▸ Task requirements: Without the pictures, write out all the lines below exactly as they appear.

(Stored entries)
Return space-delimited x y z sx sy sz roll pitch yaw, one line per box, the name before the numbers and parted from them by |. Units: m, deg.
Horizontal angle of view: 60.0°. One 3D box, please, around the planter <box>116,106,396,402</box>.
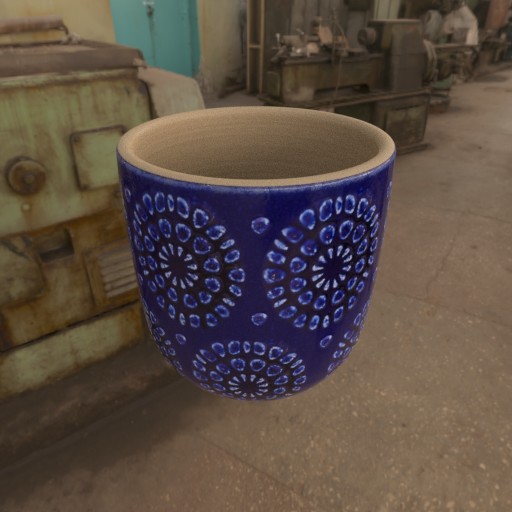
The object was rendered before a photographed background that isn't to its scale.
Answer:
planter | 0.000 0.000 0.204 0.109 0.112 0.109 0 30 0

▸ Solution:
Return space-delimited x y z sx sy sz roll pitch yaw, one line per box, the name before the numbers and parted from them by |. Units: m, deg.
Horizontal angle of view: 60.0°. One 3D box, please, around the planter <box>116,106,396,402</box>.
The object was rendered before a photographed background that isn't to its scale.
Answer:
planter | 0.000 0.000 0.204 0.109 0.112 0.109 0 30 0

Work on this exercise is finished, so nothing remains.